Tempo estimado de leitura: 9 minutos

+ Exercício

Segurança na solda TIG: o que muda na prática

Na solda TIG, o arco elétrico é extremamente intenso e concentrado. Isso traz vantagens de controle e acabamento, mas aumenta a exigência de disciplina com proteção ocular/pele, controle de fumos, organização do posto e inspeções antes de energizar o equipamento. Segurança aqui não é “extra”: é parte do ajuste do processo, como se fosse mais um parâmetro.

Principais riscos e como controlar

1) Radiação UV/IR (queimaduras e “flash” nos olhos)

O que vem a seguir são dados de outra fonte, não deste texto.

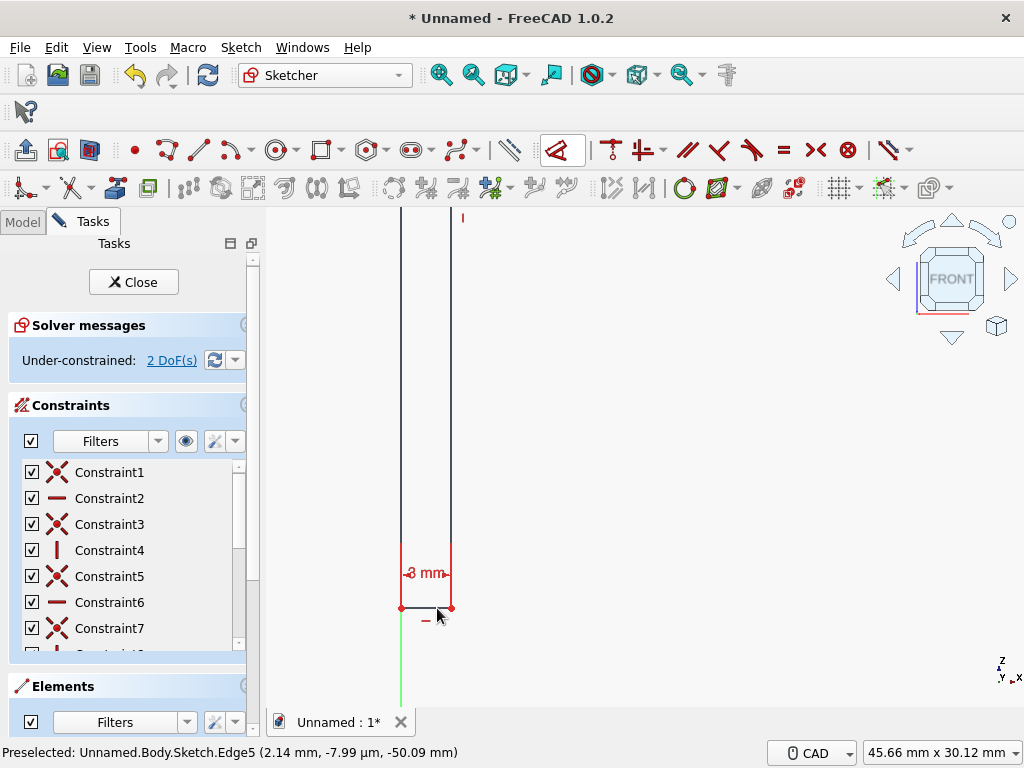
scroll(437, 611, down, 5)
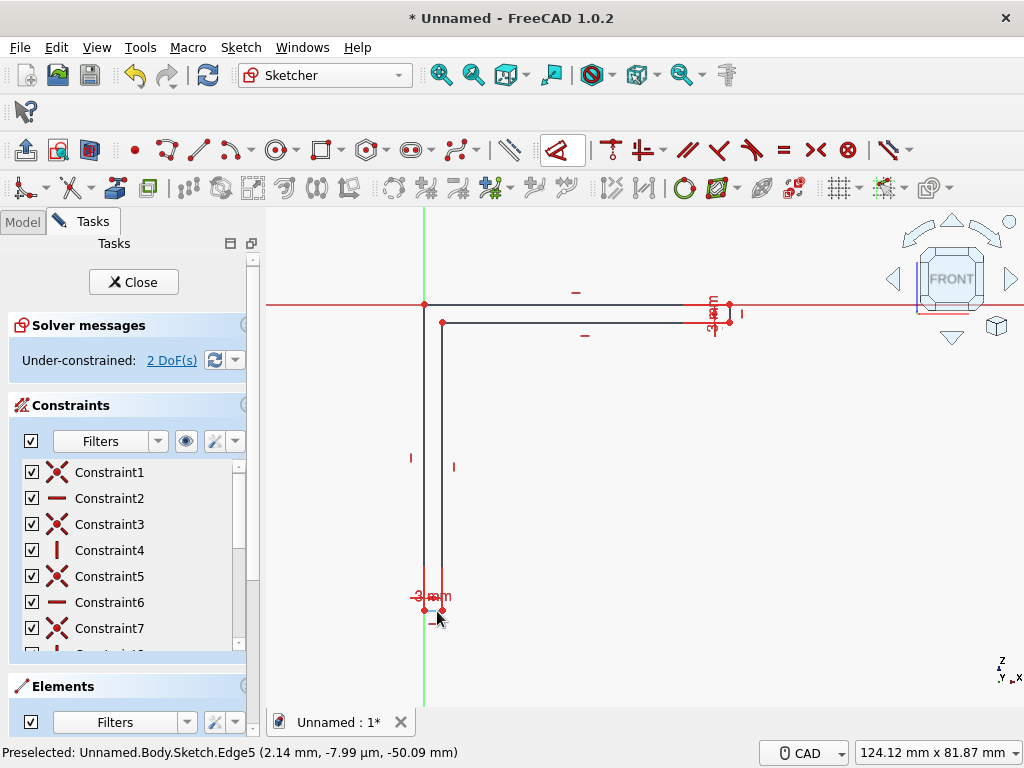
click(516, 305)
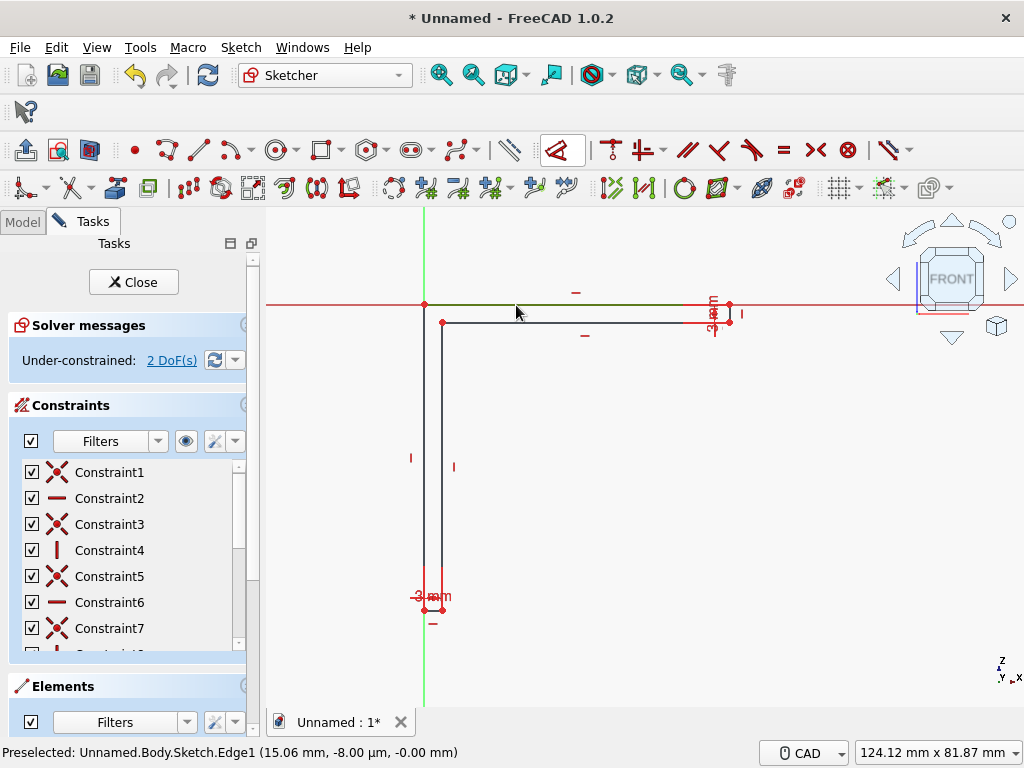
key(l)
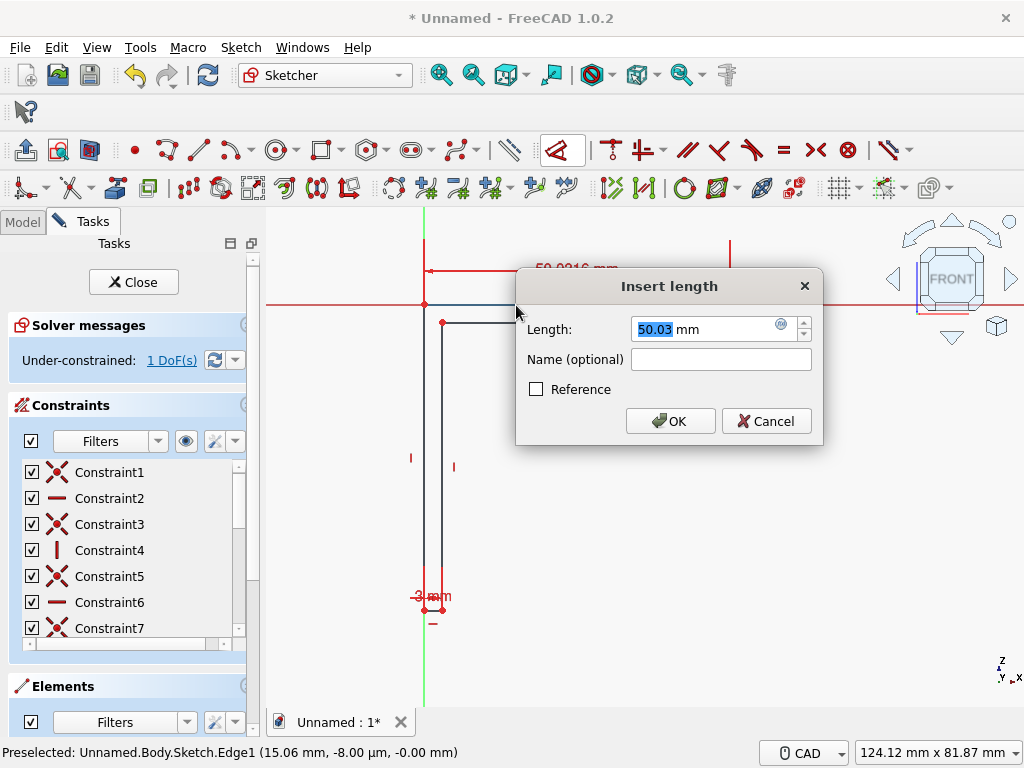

Risco: o arco TIG emite radiação ultravioleta e infravermelha capaz de causar queimadura de pele e inflamação ocular (sensação de areia nos olhos horas depois). Reflexos em superfícies claras também contam.

Medidas de controle:

  • Usar máscara de solda com tonalidade adequada e em bom estado (lente externa limpa e sem trincas).
  • Cobrir pele exposta: mangas/jaqueta, luvas e gola fechada.
  • Isolar a área com cortina de solda para proteger terceiros.
  • Evitar soldar com pessoas ao lado “olhando de canto”.

2) Fumos metálicos e gases (irritação, intoxicação, febre dos fumos)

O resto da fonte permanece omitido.